虚構新聞
画像: AI生成

2026年5月11日、カルビーがポテトチップスのパッケージを白黒2色に変更するというニュースが報じられ、X(旧Twitter)上で風刺サイト『虚構新聞』がトレンド入りするという異例の事態が起きた。

カルビーが変更を予定しているのは、うすしお味やコンソメパンチなど人気商品のパッケージ。5月25日以降の出荷分から、印刷に使う色を白と黒の2色のみに切り替えるという。理由は中東情勢の影響による印刷インク原料・ナフサの調達不安定化だ。NHKや共同通信、フジテレビ系FNNプライムオンラインなど複数の主要メディアが相次いで報道した。日本経済新聞によると、食品大手の伊藤ハムも同様の白黒包装への変更を検討しているという。

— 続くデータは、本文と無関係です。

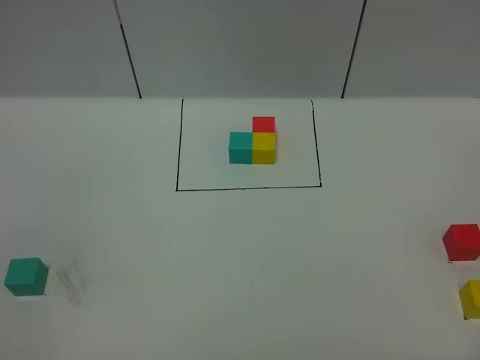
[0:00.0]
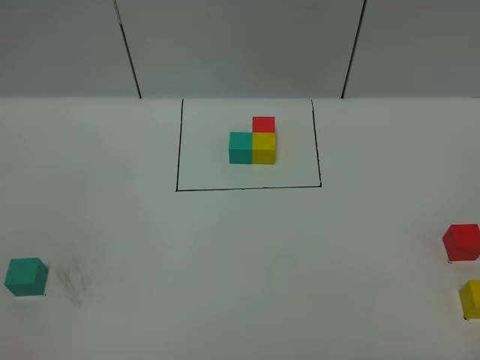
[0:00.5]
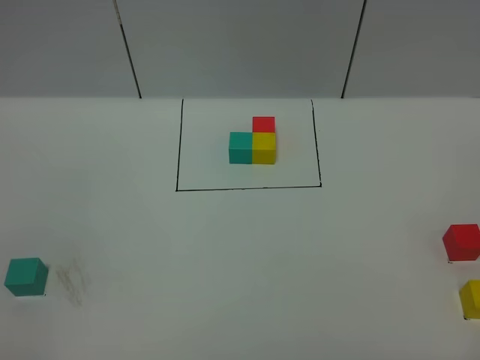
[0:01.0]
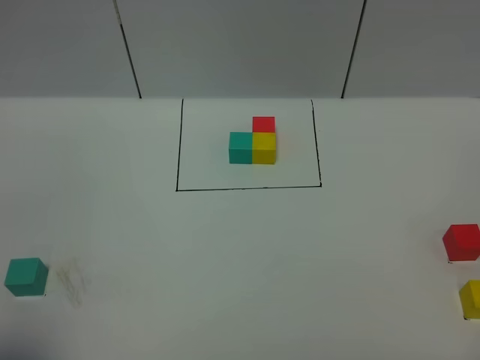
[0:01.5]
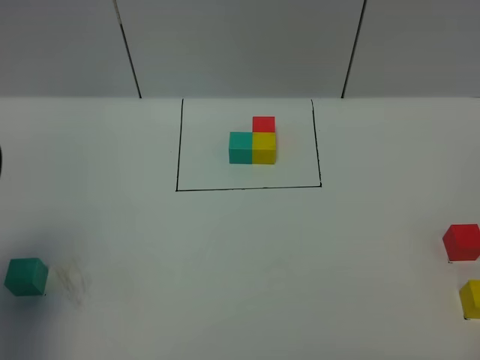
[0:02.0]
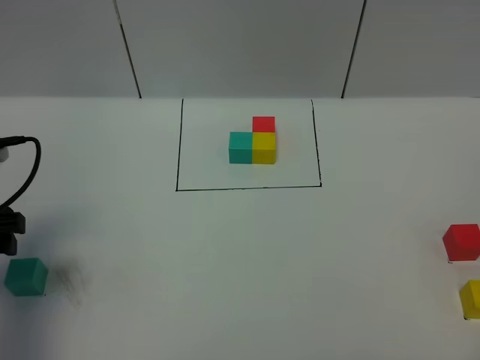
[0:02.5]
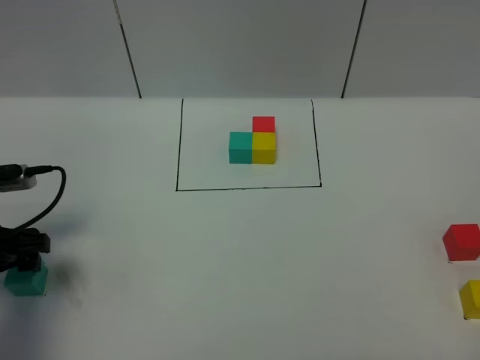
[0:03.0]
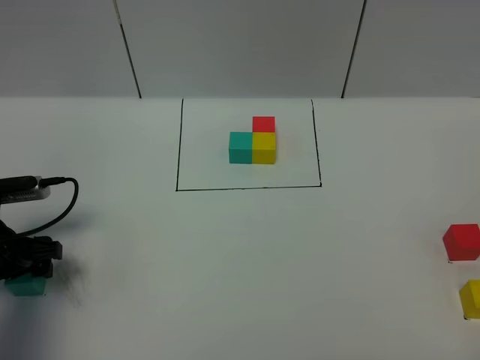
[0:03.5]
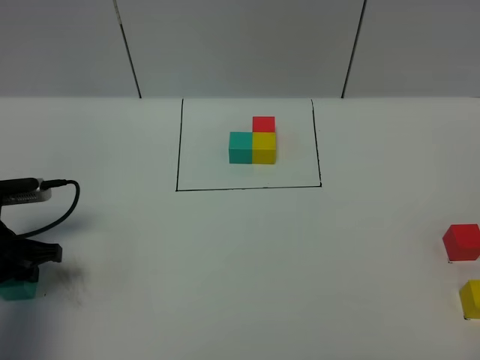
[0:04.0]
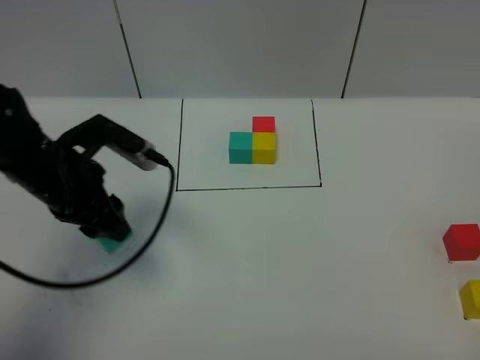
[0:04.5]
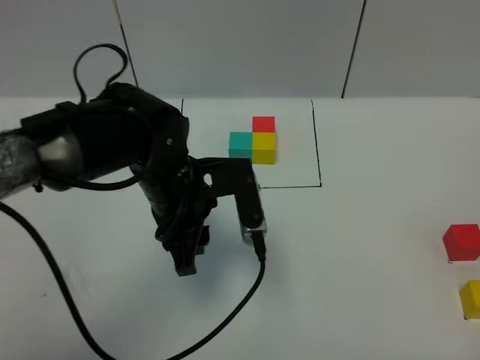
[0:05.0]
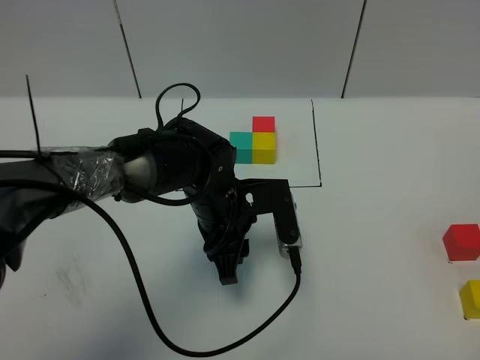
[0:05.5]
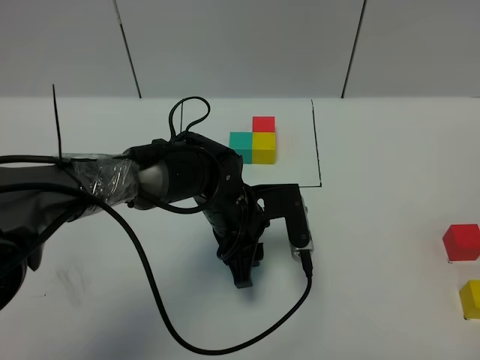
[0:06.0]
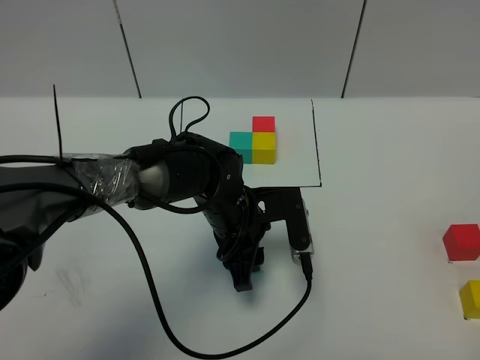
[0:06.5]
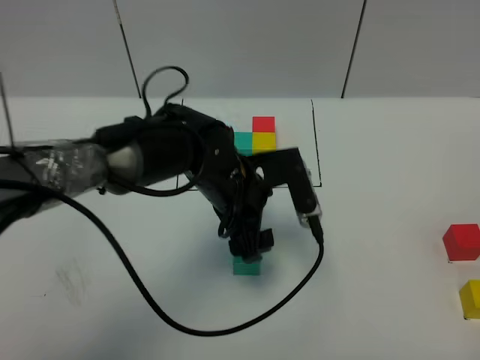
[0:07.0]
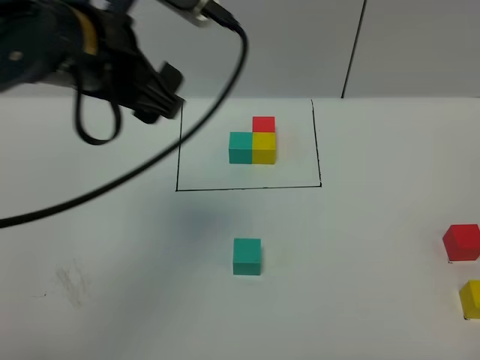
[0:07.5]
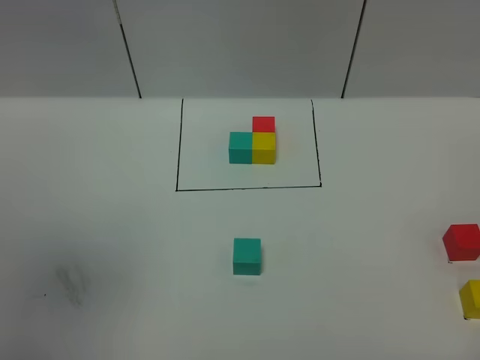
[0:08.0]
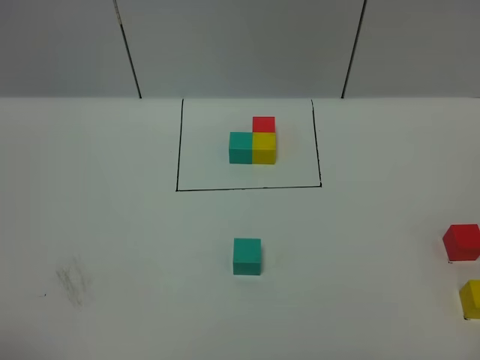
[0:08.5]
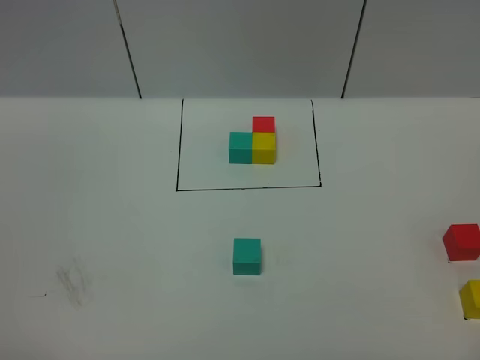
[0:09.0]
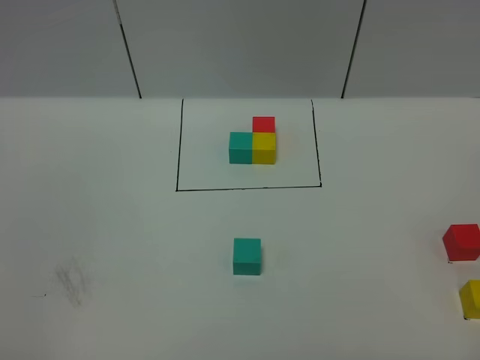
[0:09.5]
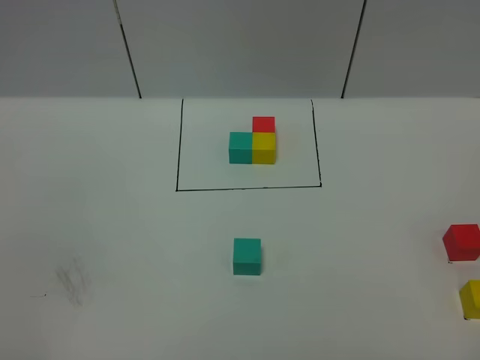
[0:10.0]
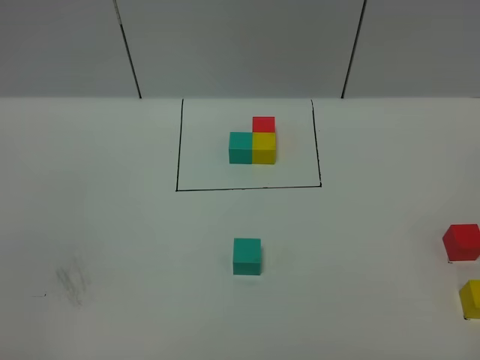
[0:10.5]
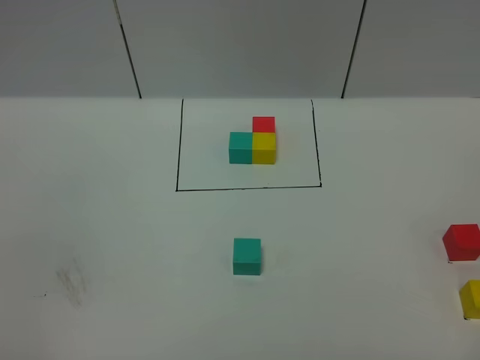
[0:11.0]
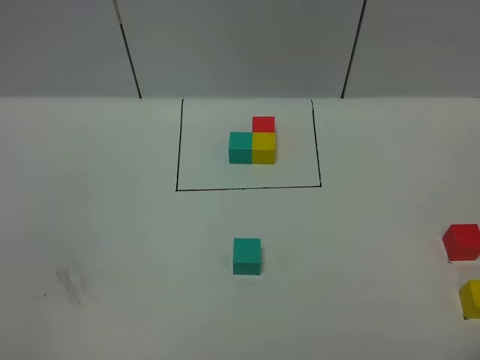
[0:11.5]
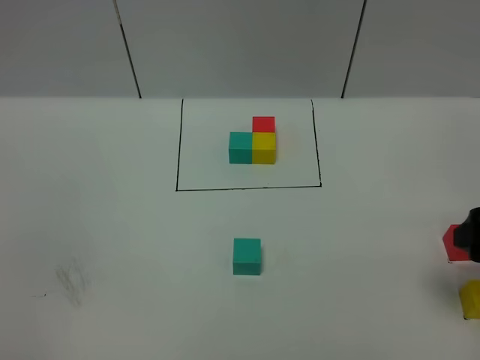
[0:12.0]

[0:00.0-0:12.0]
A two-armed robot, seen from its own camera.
Task of the whole recording: According to the building block template in front, assemble the scattered blocks together.
Step, 0:02.0 to 0:06.5: Put the green cube in the center of the table.
0:00.0 to 0:02.0: The left gripper travels forward by about 20 cm.
0:02.0 to 0:04.0: The left gripper travels downward and forward by roughly 15 cm, and closes up.
0:04.0 to 0:06.0: The left gripper shifts about 30 cm to the right.
0:06.0 to 0:08.0: The left gripper is displaced upward, to the left and backward by approximately 50 cm, and opens.
0:08.0 to 0:10.0: The left gripper shifts about 25 cm downward and backward.
0:10.0 to 0:12.0: The right gripper shifts some 20 cm forward.

このニュースがSNSで拡散すると、あまりにも現実離れした内容に多くのユーザーが困惑。『なんで虚構新聞のニュースをNHKで流してるの?』『虚構新聞じゃないのか』『虚構新聞かと思ったらNHKだった』といった投稿が夜19時台から21時台にかけて大量に発生した。NHKの公式報道であることを確認して二度驚くという反応パターンが目立ち、結果として風刺ニュースサイト『虚構新聞』そのものがトレンドワードに浮上した。

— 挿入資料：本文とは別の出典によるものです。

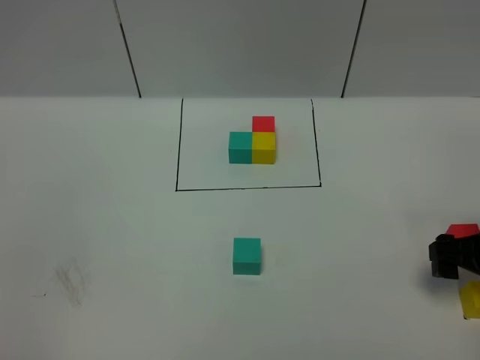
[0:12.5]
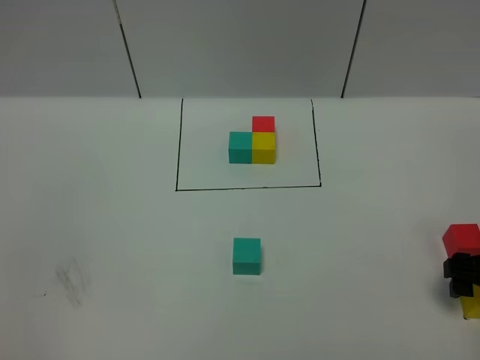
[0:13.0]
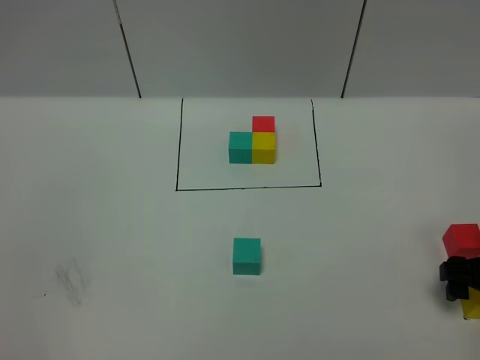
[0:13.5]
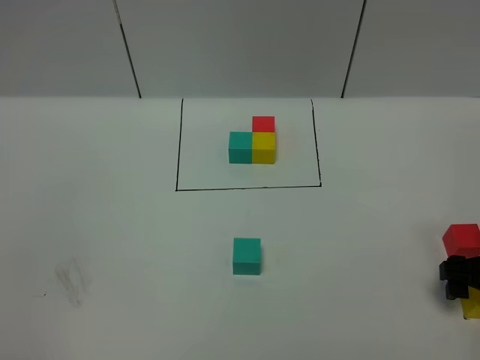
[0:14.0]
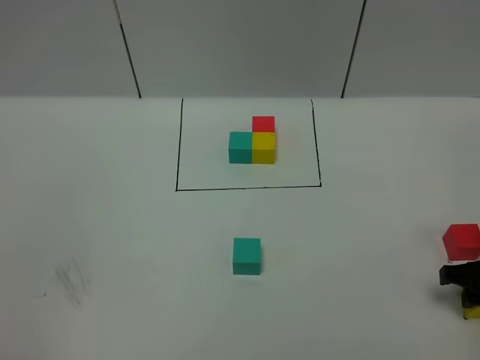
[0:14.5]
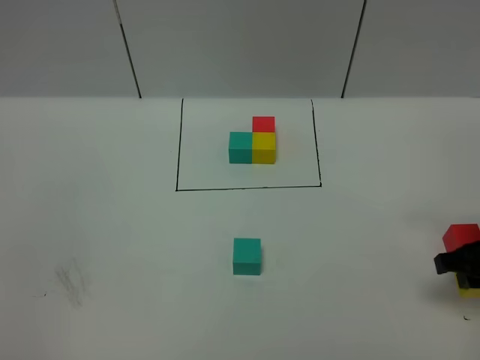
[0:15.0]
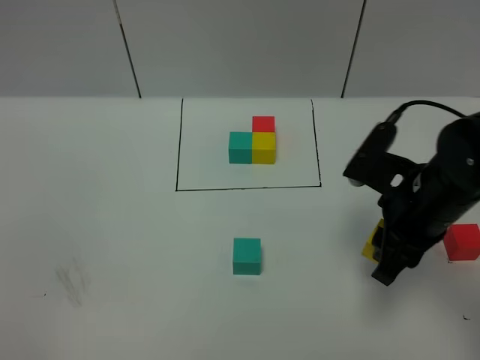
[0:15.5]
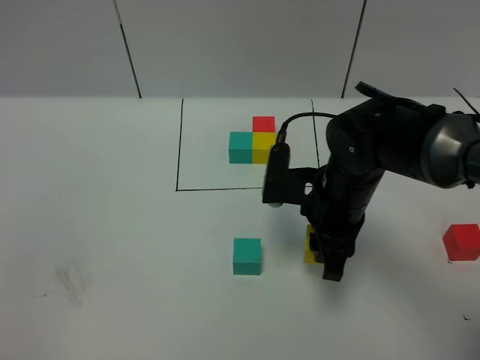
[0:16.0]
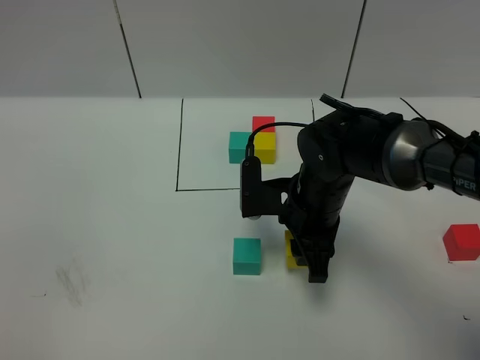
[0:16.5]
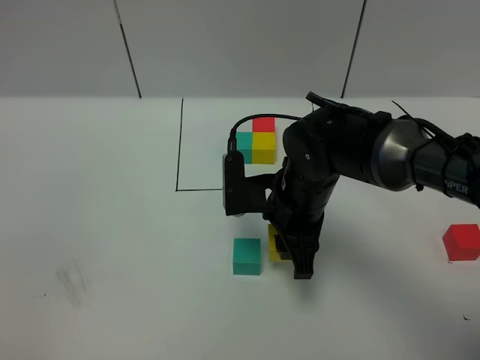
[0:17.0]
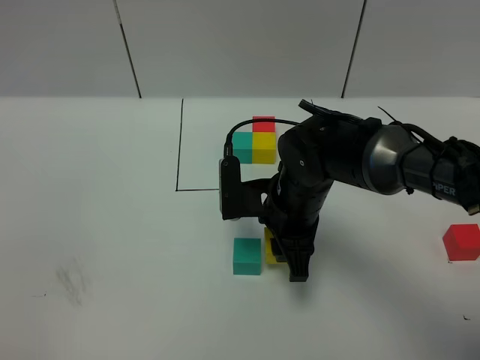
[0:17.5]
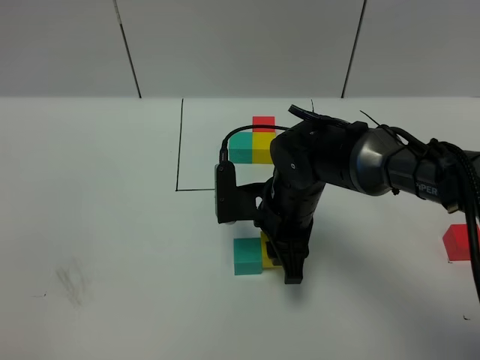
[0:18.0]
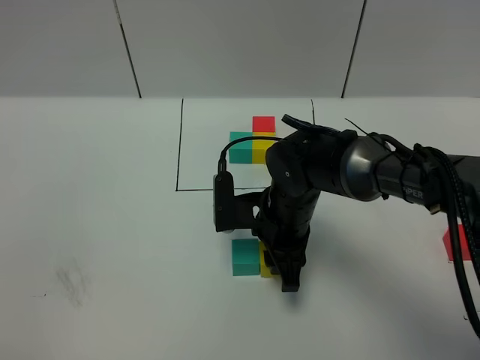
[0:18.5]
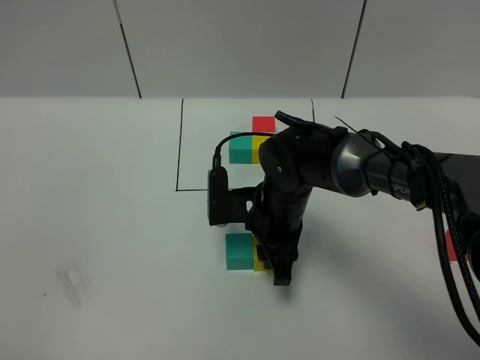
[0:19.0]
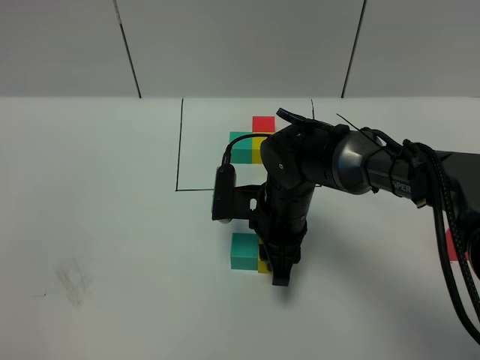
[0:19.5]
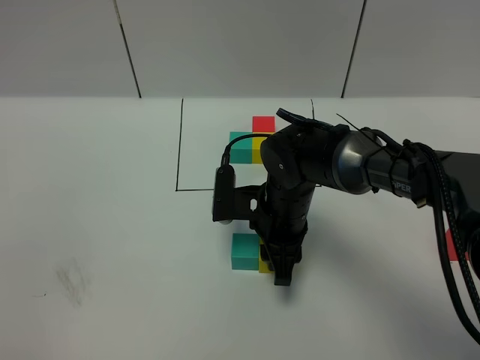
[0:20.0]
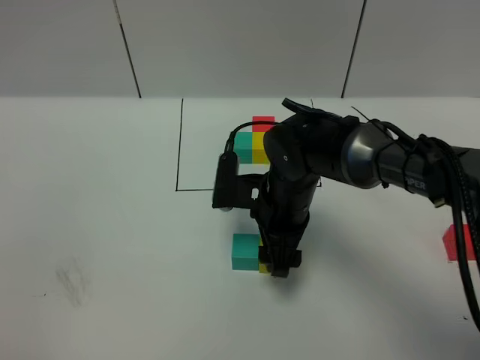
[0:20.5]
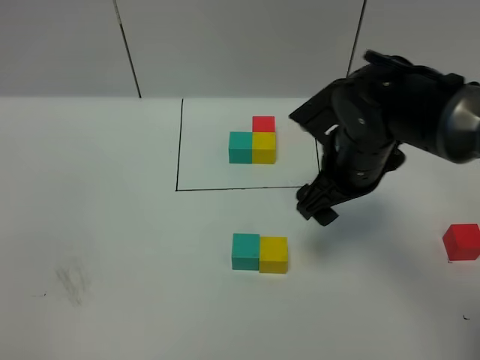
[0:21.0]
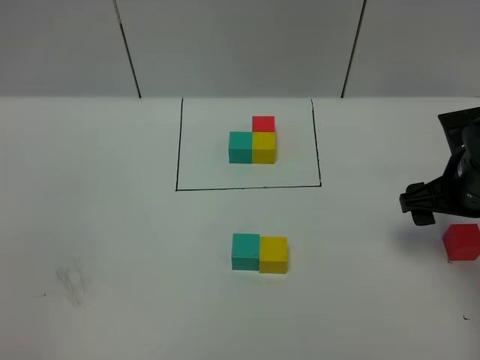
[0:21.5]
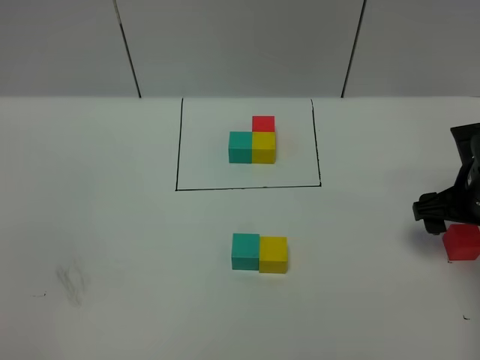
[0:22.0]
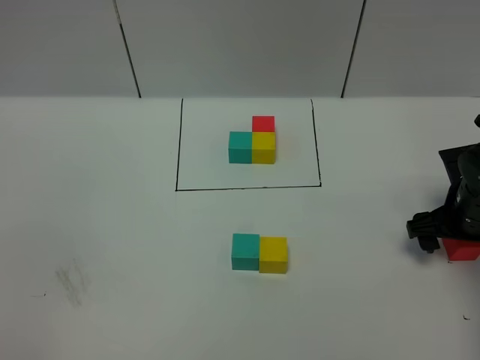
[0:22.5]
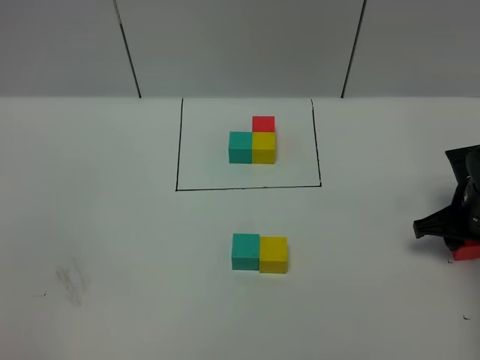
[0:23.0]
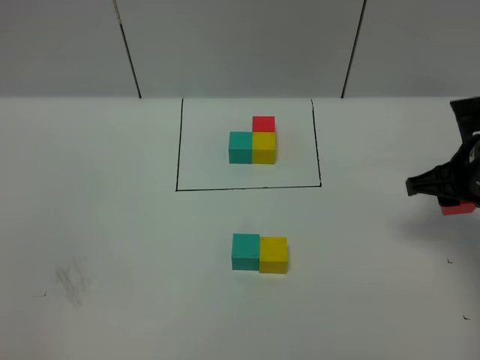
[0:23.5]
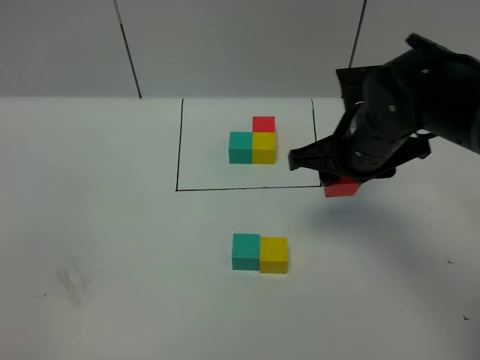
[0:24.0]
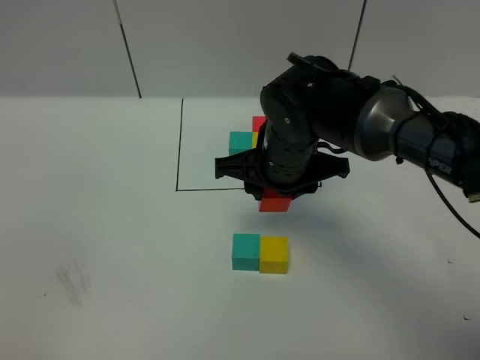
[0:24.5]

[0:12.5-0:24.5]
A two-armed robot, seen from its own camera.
Task of the whole recording: According to the building block template in front, assemble the scattered blocks together.
Step, 0:12.5 to 0:20.5: Put the yellow cube on the right of the green cube.
0:12.5 to 0:14.5: The right gripper closes.
0:14.5 to 0:16.5: The right gripper shifts approximately 25 cm to the left.
0:16.5 to 0:18.5: The grippers stay close to where they were, moving slightly.
0:18.5 to 0:20.5: The right gripper opens up.
0:20.5 to 0:22.5: The right gripper shifts approximately 25 cm to the right.
0:22.5 to 0:24.5: The right gripper shifts some 25 cm to the left, and closes up.

虚構新聞は、現実離れした内容を本物のニュースらしく書くことで知られる日本の風刺サイト。今回は虚構新聞が何か記事を出したわけではなく、現実のニュースが虚構新聞のネタと見分けがつかないほど非現実的に感じられたことで名前が飛び交うという、皮肉な形でのトレンド入りとなった。

『現実が虚構新聞を超えてきた』『虚構新聞もビックリ』といった声に加え、白黒パッケージでは店頭での商品識別が困難になるという実務的な懸念や、日本経済の縮小を象徴する出来事として受け止める声も広がっており、単なる驚きを超えた社会的な議論へと発展している。